Book Synopsis Selected Topics on Continuous-time Controlled Markov Chains and Markov Games by : Tomás Prieto-Rumeau
Download or read book Selected Topics on Continuous-time Controlled Markov Chains and Markov Games written by Tomás Prieto-Rumeau and published by World Scientific. This book was released on 2012 with total page 292 pages. Available in PDF, EPUB and Kindle. Book excerpt: This book concerns continuous-time controlled Markov chains, also known as continuous-time Markov decision processes. They form a class of stochastic control problems in which a single decision-maker wishes to optimize a given objective function. This book is also concerned with Markov games, where two decision-makers (or players) try to optimize their own objective function. Both decision-making processes appear in a large number of applications in economics, operations research, engineering, and computer science, among other areas.An extensive, self-contained, up-to-date analysis of basic optimality criteria (such as discounted and average reward), and advanced optimality criteria (e.g., bias, overtaking, sensitive discount, and Blackwell optimality) is presented. A particular emphasis is made on the application of the results herein: algorithmic and computational issues are discussed, and applications to population models and epidemic processes are shown.This book is addressed to students and researchers in the fields of stochastic control and stochastic games. Moreover, it could be of interest also to undergraduate and beginning graduate students because the reader is not supposed to have a high mathematical background: a working knowledge of calculus, linear algebra, probability, and continuous-time Markov chains should suffice to understand the contents of the book.

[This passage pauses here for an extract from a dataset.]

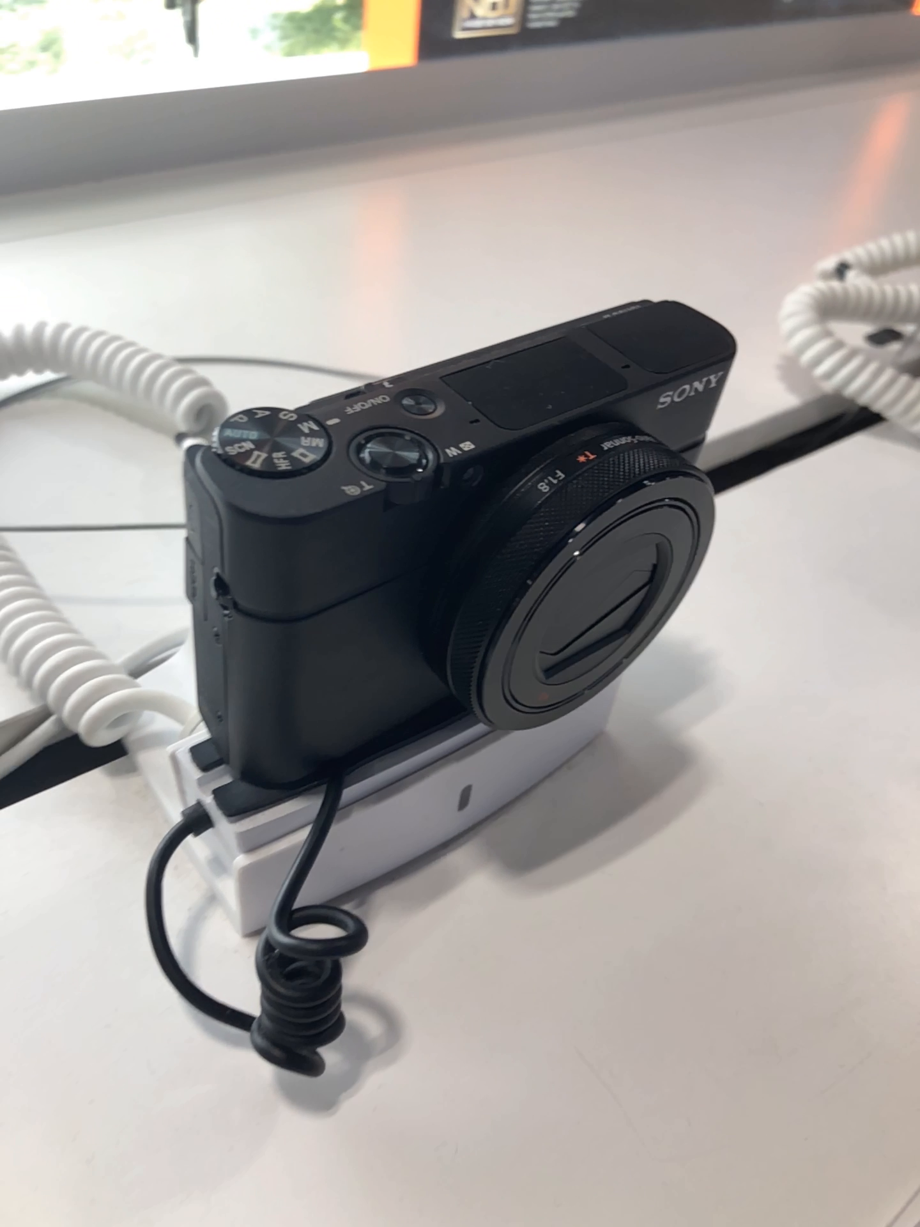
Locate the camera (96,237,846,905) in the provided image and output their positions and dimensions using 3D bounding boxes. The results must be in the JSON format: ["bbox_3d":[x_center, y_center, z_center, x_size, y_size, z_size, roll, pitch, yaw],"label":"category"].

Book Synopsis Feynman-Kac Formulae by : Pierre Del Moral
Download or read book Feynman-Kac Formulae written by Pierre Del Moral and published by Springer Science & Business Media. This book was released on 2012-12-06 with total page 567 pages. Available in PDF, EPUB and Kindle. Book excerpt: This text takes readers in a clear and progressive format from simple to recent and advanced topics in pure and applied probability such as contraction and annealed properties of non-linear semi-groups, functional entropy inequalities, empirical process convergence, increasing propagations of chaos, central limit, and Berry Esseen type theorems as well as large deviation principles for strong topologies on path-distribution spaces. Topics also include a body of powerful branching and interacting particle methods.